Redazione Mauro Berti

I frati del Sacro Convento di Assisi hanno consegnato via web al Segretario Generale delle Nazioni Unite, António Guterres, la “Lampada della Pace”. La cerimonia, in diretta streaming sul sito sanfrancesco.org, si è tenuta questa mattina alle 12.45 nella chiesa superiore della Basilica di San Francesco a margine della registrazione del 36° Concerto di Natale che verrà trasmesso da Rai Cultura su Rai1 sabato 25 dicembre alle 12.30 in eurovisione dopo il messaggio Urbi et Orbi del Santo Padre.

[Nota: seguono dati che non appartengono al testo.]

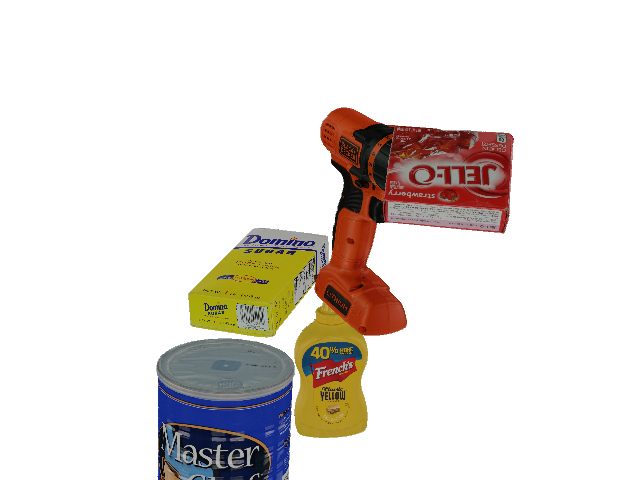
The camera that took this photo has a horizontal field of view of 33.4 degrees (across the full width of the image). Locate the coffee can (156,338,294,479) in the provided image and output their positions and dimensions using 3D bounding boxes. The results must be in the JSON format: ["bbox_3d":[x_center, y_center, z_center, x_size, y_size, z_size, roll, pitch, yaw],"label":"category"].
[{"bbox_3d":[-0.073,0.158,0.812,0.103,0.140,0.103,2,16,-1],"label":"coffee can"}]

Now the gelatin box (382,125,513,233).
[{"bbox_3d":[0.093,-0.046,0.771,0.089,0.073,0.030,5,-37,8],"label":"gelatin box"}]

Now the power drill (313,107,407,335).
[{"bbox_3d":[0.053,-0.012,0.970,0.057,0.188,0.185,-6,26,-27],"label":"power drill"}]

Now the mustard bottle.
[{"bbox_3d":[0.014,0.162,1.402,0.096,0.192,0.058,-1,17,-5],"label":"mustard bottle"}]

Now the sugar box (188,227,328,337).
[{"bbox_3d":[-0.062,0.040,1.137,0.093,0.048,0.176,7,28,17],"label":"sugar box"}]

Il Segretario è stato in contatto con persone risultate positive al Covid-19 all'inizio di questa settimana e come misura precauzionale, in accordo con il medico, ha deciso di partecipare in streaming alla cerimonia. Pertanto, il Segretario ONU e Sua Maestà il Re Abdullah II di Giordania hanno partecipato in collegamento remoto con Assisi. A ritirare fisicamente la Lampada della Pace a nome di António Guterres è stato il Direttore Generale della FAO, Qu Dongyu, a consegnarla a nome del Re di Giordania l’incaricato d’Affari dell’Ambasciata del Regno Hashemita dì Giordania presso la Repubblica Italiana, Ambasciatore Mohammad Al Shabbar.

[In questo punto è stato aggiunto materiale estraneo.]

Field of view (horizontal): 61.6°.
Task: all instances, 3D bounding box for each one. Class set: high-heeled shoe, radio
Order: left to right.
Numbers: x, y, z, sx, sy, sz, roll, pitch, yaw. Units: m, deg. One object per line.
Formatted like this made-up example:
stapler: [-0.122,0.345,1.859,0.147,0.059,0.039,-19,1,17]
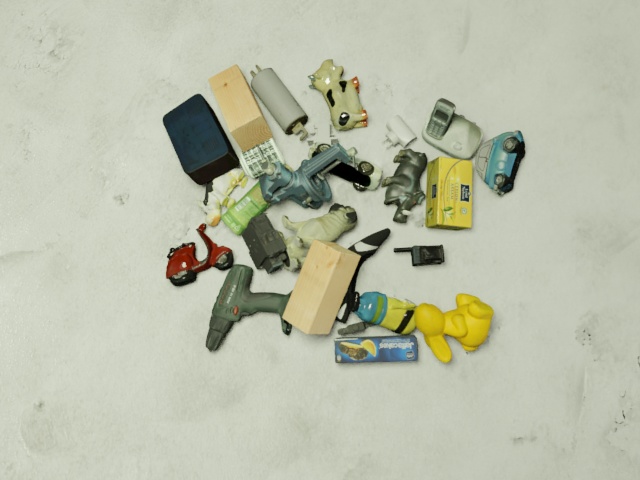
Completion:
radio: [-0.315,-0.261,1.402,0.131,0.073,0.230,-31,62,3]
high-heeled shoe: [0.103,0.089,1.332,0.249,0.086,0.145,-36,81,7]

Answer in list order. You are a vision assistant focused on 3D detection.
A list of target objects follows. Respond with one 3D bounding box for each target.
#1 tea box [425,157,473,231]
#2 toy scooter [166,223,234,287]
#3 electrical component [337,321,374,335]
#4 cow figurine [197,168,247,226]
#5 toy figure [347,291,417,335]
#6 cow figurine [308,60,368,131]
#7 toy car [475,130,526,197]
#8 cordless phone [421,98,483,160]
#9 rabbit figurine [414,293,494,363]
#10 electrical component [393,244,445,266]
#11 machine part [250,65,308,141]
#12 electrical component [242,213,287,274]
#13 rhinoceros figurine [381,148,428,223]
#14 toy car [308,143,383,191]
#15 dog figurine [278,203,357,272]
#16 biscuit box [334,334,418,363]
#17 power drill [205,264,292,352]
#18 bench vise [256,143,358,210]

All’evento, aperto dal saluto del Custode del Sacro Convento di Assisi, fra Marco Moroni, hanno partecipato, tra gli altri: il Ministro dell’Economia e delle Finanze, Daniele Franco, in rappresentanza del Governo italiano e il Presidente della Conferenza Episcopale Italiana, Cardinale Gualtiero Bassetti.

La Lampada della Pace è stata conferita al Segretario Generale delle Nazioni Unite “per la sua instancabile opera di mediazione politica nella complessità del nostro mondo alle prese con tante conflittualità, guerre, ingiustizie e degrado degli esseri umani e del creato; un impegno profuso con uno stile dialogico e cordiale, uno stile di umanesimo fraterno. Nel processo di trasformazione reso oggi ancor più necessario, l’ONU ha un ruolo decisivo come laboratorio di pace: è infatti urgente ripensare il futuro della nostra casa comune e del nostro comune progetto”. Per l’occasione i frati hanno anche donato al Segretario Generale delle Nazioni Unite, António Guterres, e a Sua Maestà il Re Abdullah II di Giordania un’opera in legno d’ulivo “Il Passo di Francesco” dell’artista umbro Giulio Valerio Cerbella.

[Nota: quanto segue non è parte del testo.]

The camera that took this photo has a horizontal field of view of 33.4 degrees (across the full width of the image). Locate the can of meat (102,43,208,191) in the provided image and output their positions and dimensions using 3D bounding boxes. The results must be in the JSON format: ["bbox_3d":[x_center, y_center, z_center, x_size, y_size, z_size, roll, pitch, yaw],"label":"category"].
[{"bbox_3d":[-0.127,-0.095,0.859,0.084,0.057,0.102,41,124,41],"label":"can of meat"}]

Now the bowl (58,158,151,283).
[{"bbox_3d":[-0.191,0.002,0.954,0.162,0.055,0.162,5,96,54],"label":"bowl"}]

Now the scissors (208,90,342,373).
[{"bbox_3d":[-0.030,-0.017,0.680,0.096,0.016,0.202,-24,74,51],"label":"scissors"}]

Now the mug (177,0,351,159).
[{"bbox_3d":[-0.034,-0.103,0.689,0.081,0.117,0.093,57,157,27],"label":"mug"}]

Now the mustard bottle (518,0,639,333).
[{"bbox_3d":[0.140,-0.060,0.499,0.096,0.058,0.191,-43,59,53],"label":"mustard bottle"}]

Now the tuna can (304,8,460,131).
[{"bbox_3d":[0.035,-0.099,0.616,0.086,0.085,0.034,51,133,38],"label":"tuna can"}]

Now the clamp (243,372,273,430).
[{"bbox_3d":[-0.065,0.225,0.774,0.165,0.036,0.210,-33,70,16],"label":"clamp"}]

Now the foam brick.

Il concerto è stato diretto dal Maestro William Eddins con la partecipazione di uno dei violoncellisti più noti al mondo, HAUSER, e il tenore Roberto Alagna. Ad accompagnare gli artisti l'Orchestra Sinfonica Nazionale della RAI e il coro "I piccoli musici" guidato dal maestro Mario Mora.

 

Il riconoscimento, nelle ultime edizioni era stato assegnato al Presidente delle Repubblica Colombiana, Juan Manuel Santos, "per lo sforzo tenuto nei processi di riconciliazione con le Farc"; alla Cancelliera tedesca, Angela Merkel che "nella sua Germania e in Europa, si è distinta nell'opera di conciliazione in favore della pacifica convivenza dei popoli"; al Re di Giordania, Abdullah II, per “la sua azione e il suo impegno tesi a promuovere i diritti umani, l’armonia tra fedi diverse e l'accoglienza dei rifugiati"; al Presidente della Repubblica Italiana, Sergio Mattarella, per “impegno indirizzato a prevenire le forme di odio, sopruso ed egoismo che minacciano la sicurezza e la pacifica convivenza e per la promozione di una società più libera, giusta e fraterna, che consenta l’integrale sviluppo umano di ogni persona”.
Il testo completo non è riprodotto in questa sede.